Let me give you a specific example: In ambio.csl we have found a 404 documentation link http://www.springer.com/cda/content/document/cda_downloaddocument/Instructions_for_authors_AMBIO_2013.pdf . Would we then look for an updated documentation link at springer? Yes, there exists a newer version of the style requirement: http://www.springer.com/cda/content/document/cda_downloaddocument/Instructions_for_authors_AMBIO_2015.pdf?SGWID=0-0-45-960937-p173951212 . But what can we do then? We cannot simply replace the link, because the style requirements changed. However, I guess it is also impossible to check these documentation closely and update all the CSL styles. Or do I miss something here?

fbennett commented 8 years ago

A style could also change significantly without a change to its URL - or the URL could change but without any change to the style.

I'm not pushing legal tech solutions (really!), but these issues do bring to mind scotus-servo a little tool built by David Zvenyach before he joined 18F. It has a narrow purpose, works only on PDFs, and I'm not sure how it does text-diffing, but to detect some change to a Supreme Court opinion, it uses an MD5 checksum (or similar - it pushes the PDF into git, and then reads back its blob hash).

Not to harp on perma.cc (really!), but if they provided a flag showing whether the doc at the live link differs from the doc at the time of archiving, it would solve half of these issues. They just received a large grant to expand their service, and might be open to suggestions for added functionality.
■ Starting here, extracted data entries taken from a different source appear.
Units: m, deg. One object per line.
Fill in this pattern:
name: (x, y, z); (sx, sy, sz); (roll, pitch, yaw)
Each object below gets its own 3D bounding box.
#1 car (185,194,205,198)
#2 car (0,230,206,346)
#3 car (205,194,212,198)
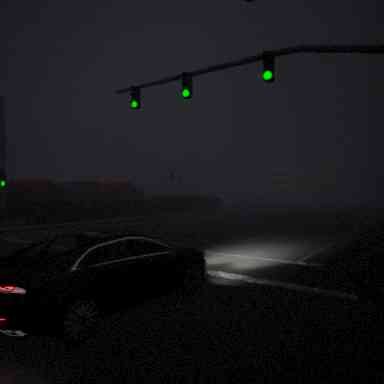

Alternatively, you could check for changes in a script well enough and with very little effort by saving a checksum.

(Granted that this doesn't address Philip's concern about how to react to style and URL changes, though.)

adam3smith commented 8 years ago

If this helps us to identify changing styles, I think that's a bonus feature, not a bug. So if Ambio has changed, what should happen is that we create an issue for that (and eventually work through it and then replace the link accordingly).

rmzelle commented 8 years ago

Regarding perma.cc, I'm not sure we could get an unlimited account. https://perma.cc/docs/faq#general says:

Anyone can sign up for a free Perma.cc account, which you can use to preserve up to 10 records per month. To preserve unlimited records, you have to be a member of an archiving organization sponsored by a registrar.

Anyway, I think that the primary function of the "documentation" URLs is to point to the relevant journal and/or style guide. If we can identify broken URLS and update them, we should, even if the style changed. It would still be an improvement.

zuphilip commented 8 years ago

Here are the 404 errors, if someone would like to start to work on them: https://gist.github.com/zuphilip/58a4d391fc71d2530151eea6c8117fec , but maybe it is easier to start with the 301 errors. IMO it can be really time consuming to go through some 404 cases...

For a perspective we should have think about a possibility to compare two versions of a style requirements together. I don't know much about perma.cc, so saving a snapshot is good, but changing urls is not what we are after. The way back machine offers another possibility to save a copy of any page (if crawlers are allowed) and you don't have to register or anything. How about a web hook after merging/pulling commits which calls for each documentation url this service, i.e.

http://web.archive.org/save/{url}

? Then we can be sure, that at any point later, we will still find the documentation it was built on at the way back machine.

stale[bot] commented 5 years ago

This issue hasn't seen any activity in the past 30 days. It will be automatically closed if no further activity occurs in the next two weeks.